Catherynne M Valente
Deathless
A powerful, mighty novel which takes the role of women from traditional folk tales and turns it upside and and inside out, not only inverting it but reinventing it. I admired the prose and the themes but was certain I wasn't emotionally touched by this book until the last few chapters when it broke me, utterly. I'm still not sure I've put all the pieces back together. A masterwork by one of our great modern fantasists.
Keith Giffen & Judd Winick
Justice League: Generation Lost Volume One
A graphic novel (half of a mini-series of 12 titles) which made me unreasonably happy. All those mates of mine who came out of the woodwork since the last Galactic Suburbia to admit that they, too, belong to the secret fandom of Maxwell Lord, Blue Beetle, Fire and Ice, Booster Gold et al… you need this book. So very, very much. It's what I wanted the new JLI #1 to be, and then some.
YOUNG ADULT
Penni Russon
Only Ever Always
Gorgeous, intense YA that shows a deft hand at all manner of writing techniques, and pulls the reader in and out of suburban tragedy and a surreal otherworld.
Margo Lanagan
Yellowcake
A collection of Margo's YA-friendly (well, in some cases not exactly FRIENDLY) stories, beautifully packaged. I'd read most of these before but it was a reprint collection I absolutely had to have! Probably one of the best introductions to her work, for those who haven't yet made the step into Lanagan territory. Here be monsters.
Karen Healey
The Shattering
I really enjoyed Karen's first book, Guardian of the Dead, but I feel more emotionally connected to this one. The friendships at the core of the story are compelling and wonderful and so utterly lacking in the kind of teen cliches I'm used to seeing. So many issues addressed sensibly and sensitively here, including teen suicide, anxiety disorders, bullying, coming out to your family, and so on, and yet this never feels like an 'issue book.' It's a rollicking, angsty adventure immersed in New Zealand culture, with a kick-ass climax.
Sarah Rees Brennan
The Demon's Surrender
Another third book in a trilogy – a wonderful series that has gripped, amused and surprised me since it first came out. A sharp, clever example of how you can write a trilogy that is three complete, self contained novels with their own unique identities and protagonists, that is still better than the sum of its parts.
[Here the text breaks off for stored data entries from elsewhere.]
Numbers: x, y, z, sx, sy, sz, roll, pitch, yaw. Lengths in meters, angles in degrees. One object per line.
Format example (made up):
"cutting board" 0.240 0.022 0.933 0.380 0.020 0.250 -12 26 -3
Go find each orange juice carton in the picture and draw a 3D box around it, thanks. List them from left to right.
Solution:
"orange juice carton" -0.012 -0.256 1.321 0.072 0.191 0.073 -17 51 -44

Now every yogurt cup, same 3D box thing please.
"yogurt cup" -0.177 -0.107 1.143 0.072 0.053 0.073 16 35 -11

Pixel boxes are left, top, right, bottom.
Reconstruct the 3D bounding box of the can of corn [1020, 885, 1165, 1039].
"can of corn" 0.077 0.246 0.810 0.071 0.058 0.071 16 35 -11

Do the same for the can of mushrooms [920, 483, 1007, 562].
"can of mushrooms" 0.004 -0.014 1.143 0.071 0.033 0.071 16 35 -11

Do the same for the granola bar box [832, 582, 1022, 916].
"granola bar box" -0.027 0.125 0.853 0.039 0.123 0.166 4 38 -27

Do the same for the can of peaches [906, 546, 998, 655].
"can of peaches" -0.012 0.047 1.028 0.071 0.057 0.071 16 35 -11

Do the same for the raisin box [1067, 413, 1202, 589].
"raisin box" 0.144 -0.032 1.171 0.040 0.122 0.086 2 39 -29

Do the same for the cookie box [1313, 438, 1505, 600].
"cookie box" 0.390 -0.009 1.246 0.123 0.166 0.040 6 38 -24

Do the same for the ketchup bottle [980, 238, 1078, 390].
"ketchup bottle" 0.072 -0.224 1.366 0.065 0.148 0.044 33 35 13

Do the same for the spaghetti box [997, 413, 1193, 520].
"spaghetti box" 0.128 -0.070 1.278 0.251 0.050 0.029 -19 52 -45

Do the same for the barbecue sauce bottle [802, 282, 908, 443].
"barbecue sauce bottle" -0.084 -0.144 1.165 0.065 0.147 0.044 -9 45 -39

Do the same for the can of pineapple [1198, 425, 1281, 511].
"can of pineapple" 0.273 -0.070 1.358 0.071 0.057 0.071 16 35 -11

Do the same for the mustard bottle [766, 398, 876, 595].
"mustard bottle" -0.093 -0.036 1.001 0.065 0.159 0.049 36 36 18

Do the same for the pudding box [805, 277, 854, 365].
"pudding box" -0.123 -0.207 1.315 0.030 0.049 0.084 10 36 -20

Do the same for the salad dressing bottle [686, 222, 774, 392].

I didn't think I could love this book as much as its precedessors, or be as invested in its concerns and romance, but it far surpassed my expectations.
Kate Gordon
Thyla
The rarest creature imaginable: a paranormal adventure set in my own home town of Hobart, Tasmania. Using were-versions of our most iconic native animals, the Tassie tiger and devils. Yes, really. It's hard to believe that this is only Kate's second published novel, and her first fantasy. She takes some great narrative risks with this novel, and it takes off.
Marianne de Pierres
Burn Bright
a gorgeous gothy novel which does something very different with the vampire mythos. She sets up a city of clubbing and decadence, designed to feed the wildest desires of wild teenagers everywhere, then introduces a protagonist for whom that is basically the idea of hell. Very modern and of course, this being Marianne, there are SFnal elements hidden amongst the velvet, the cute boys and the bats.